Librsvg gets Rusty - steveklabnik
https://people.gnome.org/~federico/news-2016-10.html
======
dikaiosune
Awesome!

I wonder if instead of using a boolean field in the Segment struct, better
results might be attained by using a tagged union (enum in Rust-speak):

    
    
        struct Point {
            x: f64, y: f64
        }
    
        enum Segment {
            Degenerate {
                p1: Point,
            },
        
            Full {
                p1: Point,
                p2: Point,
                p3: Point,
                p4: Point,
            }
        }
        
        impl Segment {
            fn upgrade(&mut self, 
                       p2: Point, 
                       p3: Point, 
                       p4: Point) {
        
                match *self {
                    Segment::Degenerate { p1 } => {
                        *self = Segment::Full {
                            p1: p1,
                            p2: p2,
                            p3: p3,
                            p4: p4,
                        };
                    }
                    
                    _ => ()
                }
            }
        }
    

I wonder if you could also get away without using the has_first_segment
variable by using the Vec::len method:

    
    
        if segments.len() > 0 {
            segment_number += 1;
        }
    

Of course, that's assuming the author doesn't find a better way to represent
the pattern of accessing the previous, half-built segment.
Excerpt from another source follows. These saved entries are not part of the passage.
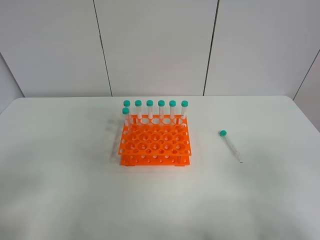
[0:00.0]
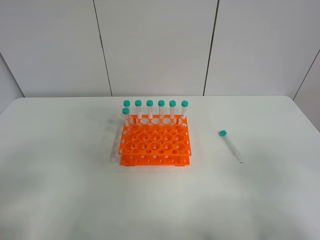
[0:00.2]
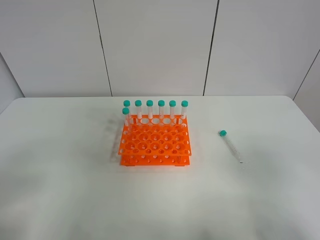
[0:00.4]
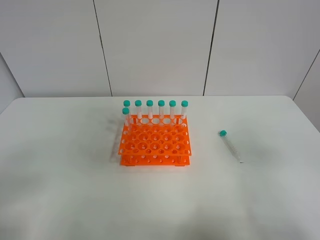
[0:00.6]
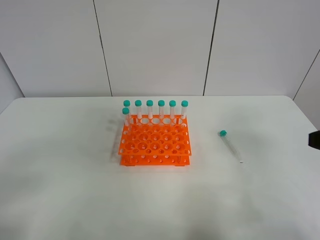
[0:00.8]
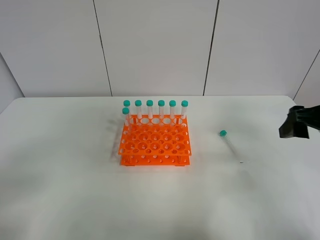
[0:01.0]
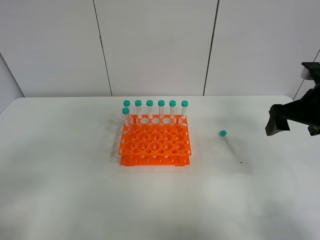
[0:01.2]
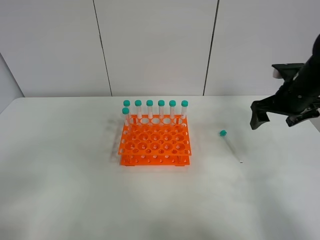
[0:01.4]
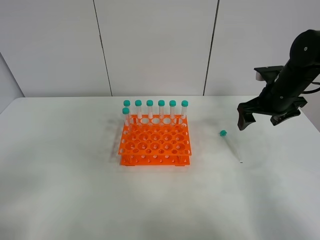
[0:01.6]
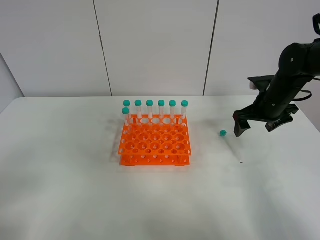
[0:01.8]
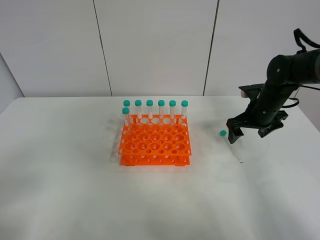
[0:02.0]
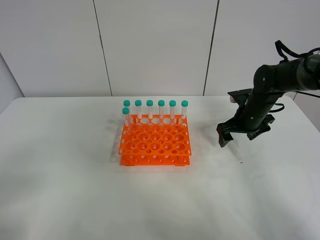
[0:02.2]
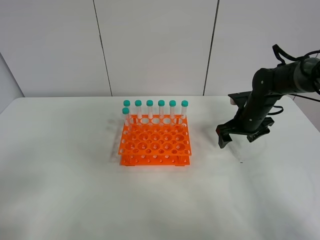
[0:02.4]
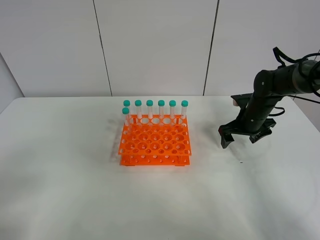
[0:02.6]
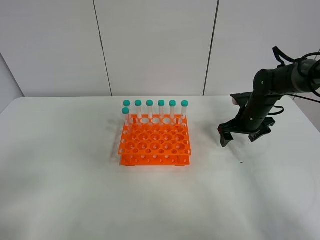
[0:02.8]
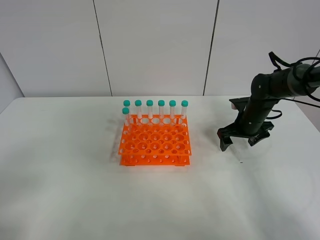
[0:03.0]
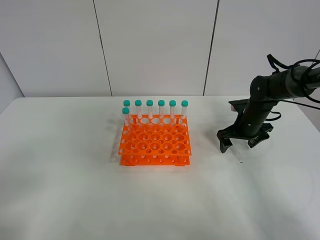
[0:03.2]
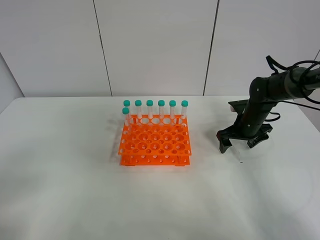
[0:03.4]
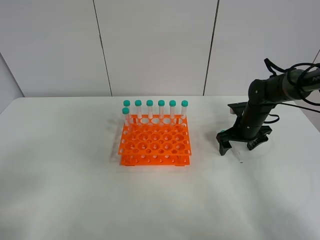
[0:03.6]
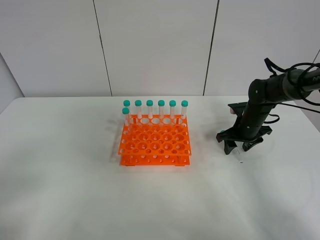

I suspect you could
perhaps do so by creating a mutable partial Segment on the stack from an
iterator's first element, and then actually looping over the remaining items
in the iterator to actually construct segments, adding them to the Vec as you
go.

EDIT: It doesn't look like this thread is going anywhere, but I saw a comment
on the Rust subreddit to use a Point struct which I quite liked, and
incorporated here.